Drop every picture, then transcribe the remaining data exactly.

- Provided records -
+---+

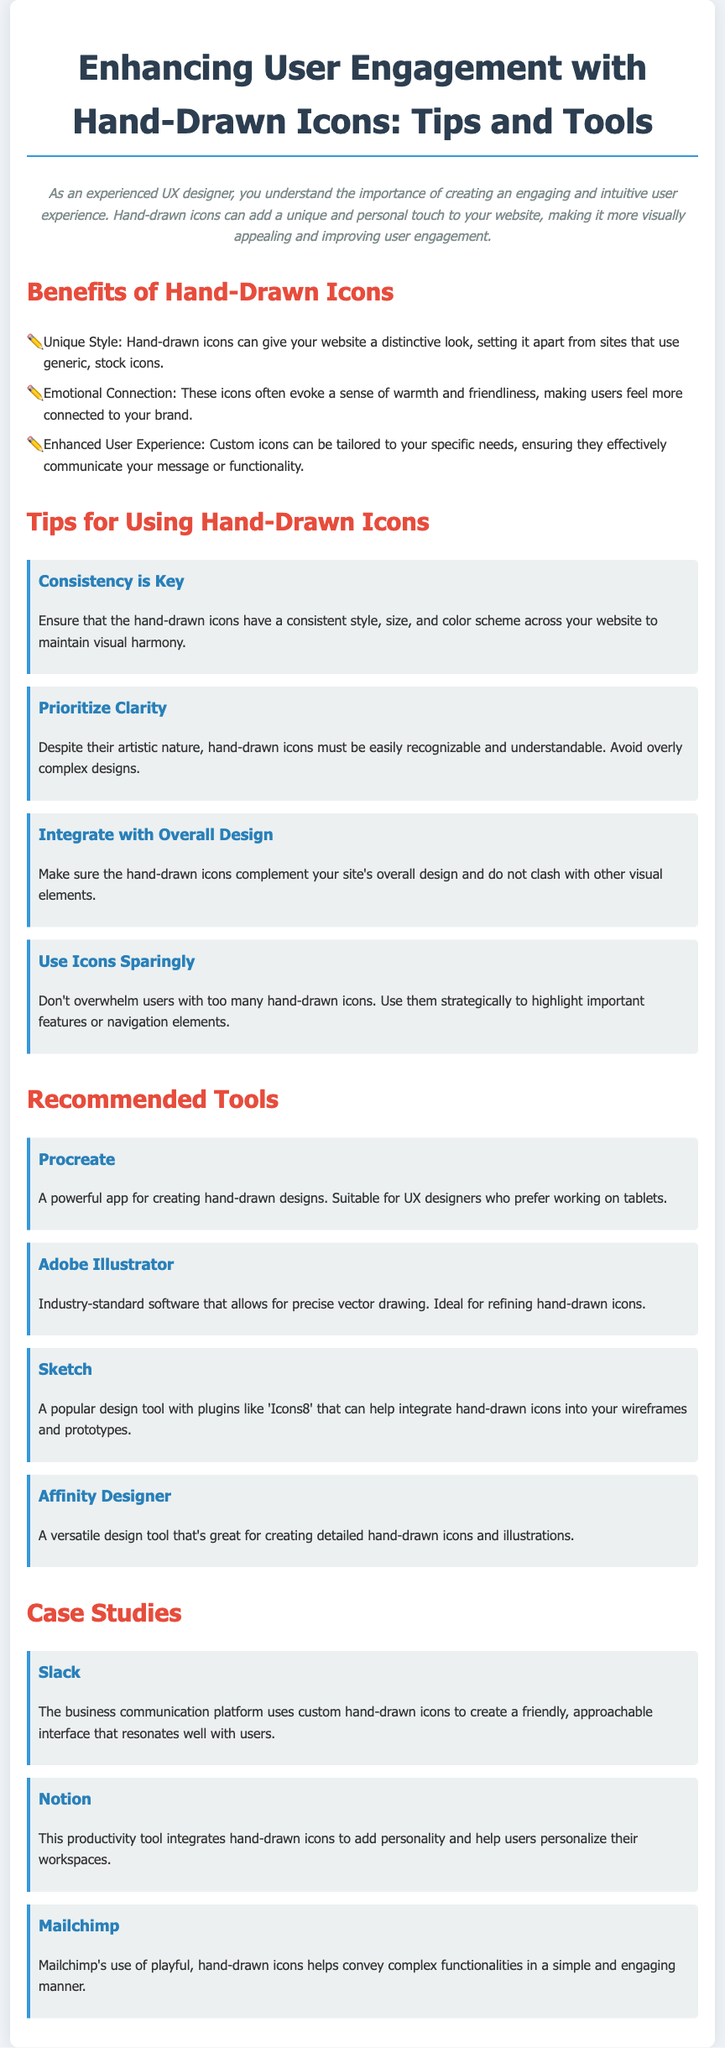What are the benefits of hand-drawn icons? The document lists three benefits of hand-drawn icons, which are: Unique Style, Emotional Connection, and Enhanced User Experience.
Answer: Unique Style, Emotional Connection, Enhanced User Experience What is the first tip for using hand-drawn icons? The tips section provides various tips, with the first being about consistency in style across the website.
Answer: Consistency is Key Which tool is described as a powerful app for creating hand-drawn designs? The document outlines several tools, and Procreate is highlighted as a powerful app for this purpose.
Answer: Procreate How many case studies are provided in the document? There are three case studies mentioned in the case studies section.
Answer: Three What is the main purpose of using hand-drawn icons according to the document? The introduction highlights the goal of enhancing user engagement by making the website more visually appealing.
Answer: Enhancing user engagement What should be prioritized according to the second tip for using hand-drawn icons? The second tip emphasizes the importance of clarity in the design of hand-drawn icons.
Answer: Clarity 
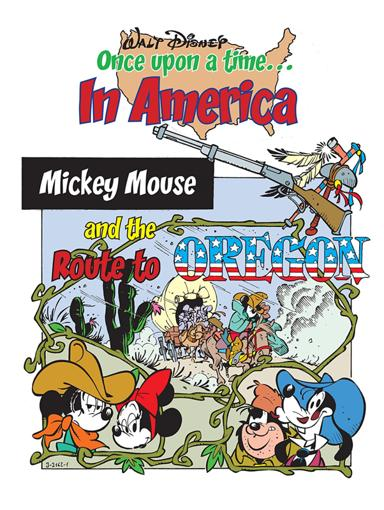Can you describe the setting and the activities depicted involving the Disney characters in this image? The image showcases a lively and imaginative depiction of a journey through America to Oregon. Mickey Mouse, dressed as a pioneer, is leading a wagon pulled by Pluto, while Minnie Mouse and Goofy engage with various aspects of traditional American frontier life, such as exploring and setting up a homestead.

+---+

- Answer to the problem -
What are the benefits of hand-drawn icons? The document lists three benefits of hand-drawn icons, which are: Unique Style, Emotional Connection, and Enhanced User Experience.
Answer: Unique Style, Emotional Connection, Enhanced User Experience What is the first tip for using hand-drawn icons? The tips section provides various tips, with the first being about consistency in style across the website.
Answer: Consistency is Key Which tool is described as a powerful app for creating hand-drawn designs? The document outlines several tools, and Procreate is highlighted as a powerful app for this purpose.
Answer: Procreate How many case studies are provided in the document? There are three case studies mentioned in the case studies section.
Answer: Three What is the main purpose of using hand-drawn icons according to the document? The introduction highlights the goal of enhancing user engagement by making the website more visually appealing.
Answer: Enhancing user engagement What should be prioritized according to the second tip for using hand-drawn icons? The second tip emphasizes the importance of clarity in the design of hand-drawn icons.
Answer: Clarity 
Can you describe the setting and the activities depicted involving the Disney characters in this image? The image showcases a lively and imaginative depiction of a journey through America to Oregon. Mickey Mouse, dressed as a pioneer, is leading a wagon pulled by Pluto, while Minnie Mouse and Goofy engage with various aspects of traditional American frontier life, such as exploring and setting up a homestead.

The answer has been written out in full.